記者曰く、中止ではなくて「失敗」だと決めつけたいようだ。(しかも最後捨て台詞的な発言もしておりこの点も人としていかがなものかと思った)
JAXA側の説明のとおり、さまざまな不具合が発生した際に安全サイドにシステムを動かす「フェールセーフ」が当初の設計通りに作動し、安全側にシステムを移行したということで「中止」とみるのが妥当と思う。
なんとなく風邪っぽいから旅行いくのやめるのを中止というのも同じで、風邪が悪化したら困るからという「フェールセーフ」的考え方に基づいて、コントロール下で「中止」したわけで。
自動車などもこの「フェールセーフ」の考え方が用いられています。故障や不具合はゼロにできないし、運転する人間が間違った操作をするかもしれない。それらの時に安全側になるようにというのがこの考え方。(ただしなんでも100%安全側にできるものではない)例えば出先で頭痛がでたらやだから頭痛薬を持っていくというのも同じですね。頭痛薬忘れたり落としちゃったりして頭痛なったら「失敗したー!」でしょう。
また1つのフェールセーフがうまく作動しないことも想定して、さらに別のフェールセーフを設けると言うのも比較的よく行われています。

身近なところのフェールセーフ

自転車

自転車のペダル、左右ともペダルがついているアーム状の部品にネジ込まれて固定されていますが、左側は一般的に広く使われる右に回すと締まるネジではなく、逆に左に回すと締まるネジになっています。これは万一ネジが緩み始めたとしても漕いでいるときにペダルの回転で緩まないようにと言う配慮です。

自動車

自動車のフェールセーフはたくさんありますが、一例ではヒューズです。電線がどこかに挟まってしまったりでショートした際にまずヒューズが切れて電気が流れ続けないようにして火災を防止しています。

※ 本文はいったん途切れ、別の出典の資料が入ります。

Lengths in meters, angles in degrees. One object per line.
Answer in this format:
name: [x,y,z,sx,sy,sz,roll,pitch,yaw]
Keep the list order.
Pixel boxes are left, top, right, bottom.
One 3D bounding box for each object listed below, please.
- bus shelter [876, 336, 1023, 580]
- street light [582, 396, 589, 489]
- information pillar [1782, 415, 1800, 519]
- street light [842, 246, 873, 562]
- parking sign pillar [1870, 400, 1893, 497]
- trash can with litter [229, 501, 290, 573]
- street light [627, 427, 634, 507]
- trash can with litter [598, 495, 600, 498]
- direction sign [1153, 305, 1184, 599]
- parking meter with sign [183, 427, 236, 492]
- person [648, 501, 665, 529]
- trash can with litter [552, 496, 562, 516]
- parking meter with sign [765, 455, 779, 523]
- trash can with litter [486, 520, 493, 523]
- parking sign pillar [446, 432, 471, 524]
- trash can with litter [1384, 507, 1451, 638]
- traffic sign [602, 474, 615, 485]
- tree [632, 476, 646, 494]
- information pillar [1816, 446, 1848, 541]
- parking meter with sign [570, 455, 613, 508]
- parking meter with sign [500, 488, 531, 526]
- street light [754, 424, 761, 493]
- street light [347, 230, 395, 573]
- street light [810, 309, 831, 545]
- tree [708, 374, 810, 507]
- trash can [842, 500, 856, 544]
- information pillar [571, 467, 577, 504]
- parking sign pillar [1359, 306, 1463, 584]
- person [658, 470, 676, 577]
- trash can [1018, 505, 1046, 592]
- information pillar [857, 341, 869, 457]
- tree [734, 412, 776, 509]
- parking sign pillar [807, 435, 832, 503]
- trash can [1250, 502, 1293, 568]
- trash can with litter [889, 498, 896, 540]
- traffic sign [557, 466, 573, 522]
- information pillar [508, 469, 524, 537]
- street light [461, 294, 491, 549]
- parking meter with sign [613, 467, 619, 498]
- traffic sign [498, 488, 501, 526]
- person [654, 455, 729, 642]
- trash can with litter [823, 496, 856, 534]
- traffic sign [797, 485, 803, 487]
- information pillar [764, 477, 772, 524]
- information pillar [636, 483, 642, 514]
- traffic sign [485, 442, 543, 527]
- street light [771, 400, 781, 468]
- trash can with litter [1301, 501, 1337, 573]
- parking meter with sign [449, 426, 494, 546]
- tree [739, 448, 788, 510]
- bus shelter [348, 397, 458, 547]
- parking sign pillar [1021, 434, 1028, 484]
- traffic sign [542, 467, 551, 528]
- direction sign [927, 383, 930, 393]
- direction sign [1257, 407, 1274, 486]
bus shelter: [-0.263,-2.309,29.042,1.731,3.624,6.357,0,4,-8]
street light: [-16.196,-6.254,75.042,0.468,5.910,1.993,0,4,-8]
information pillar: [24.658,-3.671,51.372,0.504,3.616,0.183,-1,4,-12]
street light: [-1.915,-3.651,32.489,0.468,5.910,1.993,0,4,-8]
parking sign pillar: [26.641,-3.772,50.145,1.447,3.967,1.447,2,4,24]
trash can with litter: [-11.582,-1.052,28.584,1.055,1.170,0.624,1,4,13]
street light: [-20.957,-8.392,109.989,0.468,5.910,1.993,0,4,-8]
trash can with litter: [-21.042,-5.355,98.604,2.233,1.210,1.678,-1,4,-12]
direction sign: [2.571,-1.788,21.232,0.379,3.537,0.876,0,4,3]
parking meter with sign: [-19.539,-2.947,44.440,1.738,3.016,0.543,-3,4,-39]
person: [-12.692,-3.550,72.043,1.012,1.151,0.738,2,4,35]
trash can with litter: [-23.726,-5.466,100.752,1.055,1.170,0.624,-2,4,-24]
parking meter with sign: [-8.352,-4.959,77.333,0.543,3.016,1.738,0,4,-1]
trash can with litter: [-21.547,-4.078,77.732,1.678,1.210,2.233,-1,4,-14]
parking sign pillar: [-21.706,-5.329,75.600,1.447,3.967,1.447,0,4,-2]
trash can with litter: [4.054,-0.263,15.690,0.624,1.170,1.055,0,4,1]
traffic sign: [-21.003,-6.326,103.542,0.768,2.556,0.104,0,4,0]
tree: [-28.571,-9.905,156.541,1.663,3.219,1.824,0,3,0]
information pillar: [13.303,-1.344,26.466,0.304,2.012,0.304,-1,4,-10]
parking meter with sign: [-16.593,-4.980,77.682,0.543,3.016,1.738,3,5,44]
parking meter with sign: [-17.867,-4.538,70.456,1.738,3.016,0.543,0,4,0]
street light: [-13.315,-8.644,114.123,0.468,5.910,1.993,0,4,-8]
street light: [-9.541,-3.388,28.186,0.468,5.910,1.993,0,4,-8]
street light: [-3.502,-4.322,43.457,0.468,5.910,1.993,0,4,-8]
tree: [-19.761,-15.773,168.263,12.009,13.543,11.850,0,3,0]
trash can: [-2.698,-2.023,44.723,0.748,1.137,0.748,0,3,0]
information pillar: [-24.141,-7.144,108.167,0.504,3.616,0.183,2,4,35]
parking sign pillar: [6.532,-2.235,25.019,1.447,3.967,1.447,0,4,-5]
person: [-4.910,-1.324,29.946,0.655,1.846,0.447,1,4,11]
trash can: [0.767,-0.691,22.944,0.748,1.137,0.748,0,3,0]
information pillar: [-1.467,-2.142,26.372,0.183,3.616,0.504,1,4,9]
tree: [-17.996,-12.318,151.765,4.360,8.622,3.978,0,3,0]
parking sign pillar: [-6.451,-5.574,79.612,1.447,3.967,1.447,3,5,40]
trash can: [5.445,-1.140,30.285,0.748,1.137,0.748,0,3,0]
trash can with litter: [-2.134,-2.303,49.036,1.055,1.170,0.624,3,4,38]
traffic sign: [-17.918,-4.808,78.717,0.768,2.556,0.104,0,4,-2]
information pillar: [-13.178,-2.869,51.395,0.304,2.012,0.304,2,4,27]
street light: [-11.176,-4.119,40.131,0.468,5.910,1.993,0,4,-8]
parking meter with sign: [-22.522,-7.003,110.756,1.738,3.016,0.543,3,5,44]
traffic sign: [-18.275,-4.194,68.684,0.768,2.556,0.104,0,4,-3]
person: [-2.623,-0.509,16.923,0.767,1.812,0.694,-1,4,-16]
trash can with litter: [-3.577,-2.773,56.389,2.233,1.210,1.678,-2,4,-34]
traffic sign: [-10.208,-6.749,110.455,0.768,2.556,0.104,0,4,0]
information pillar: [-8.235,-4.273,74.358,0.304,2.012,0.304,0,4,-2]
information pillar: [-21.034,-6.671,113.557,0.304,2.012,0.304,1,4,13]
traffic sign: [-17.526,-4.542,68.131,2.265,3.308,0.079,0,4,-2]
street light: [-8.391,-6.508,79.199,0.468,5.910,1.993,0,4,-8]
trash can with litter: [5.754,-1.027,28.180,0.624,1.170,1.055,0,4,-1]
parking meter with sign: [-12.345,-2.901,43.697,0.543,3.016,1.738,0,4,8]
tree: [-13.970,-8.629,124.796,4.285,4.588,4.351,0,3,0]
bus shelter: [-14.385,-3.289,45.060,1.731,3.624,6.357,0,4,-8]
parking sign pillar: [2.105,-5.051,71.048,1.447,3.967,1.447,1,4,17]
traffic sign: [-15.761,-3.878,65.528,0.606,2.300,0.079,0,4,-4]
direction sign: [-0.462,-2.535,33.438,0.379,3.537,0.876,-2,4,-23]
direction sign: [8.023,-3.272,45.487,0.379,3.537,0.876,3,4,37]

もしもヒューズがなかったら電気が流れ続けて電線が発熱・発煙して周りの部品を巻き込んで車両火災になるでしょう。
また電線自体の太さとヒューズのサイズも考えられていて、電線が発熱発煙するよりも先にヒューズが切れるようになっています。これももしも逆だと車両火災になってしまうからですね。なのでヒューズは切れた時になんでもいいから入れとけばは実は非常に危険なのです。
他、アクセサリー電源を取るのにバッテリーから直接取るのも安全側に配慮が必要です。ヒューズを入れるのはもちろんですが、バッテリーからヒューズの間をなるべく短くすることと、その間の電線を裸のままにせず外側に固い保護管をつけたりというのもフェールセーフの考え方です。

航空機

航空機はさらにフェールセーフが厳しい世界です。故障して墜落は避けなくてはいけないのでシステムによっては二重化、三重化などして機能が失われないような仕組みもさまざま組み込まれています。油圧系統や電源など重要部位はたいていこう言う仕組みになっています。

家のブレーカーは自動車のと同じ考え方です。他、水道のレバータイプの水栓は今は上に上げると水が出て下に下げると水が止まるようになっています。これはかつて阪神大震災の際にレバーを下げると水が出るタイプが多用されていたため、水がでっぱなしの箇所が多くなり水道の復旧に時間がかかったことを教訓としたフェールセーフです。万一物がレバーに落ちても水が止まる方向にしてあるのです。

じゃあ何が「失敗」なのか

想定外のフェールセーフをくぐり抜けてしまった事象でしょう。結果が安全側かどうかによらず、コントロール下に無い状態となることが失敗と考えるのが妥当だと思います。
例えば街中に獰猛な猪が現れて色々な通りそうなところに檻を置いたり高い柵を回らしたけどそれをピョーンと飛び越えて街中に行方をくらましたというとこりゃ捕獲失敗となるんでしょうね。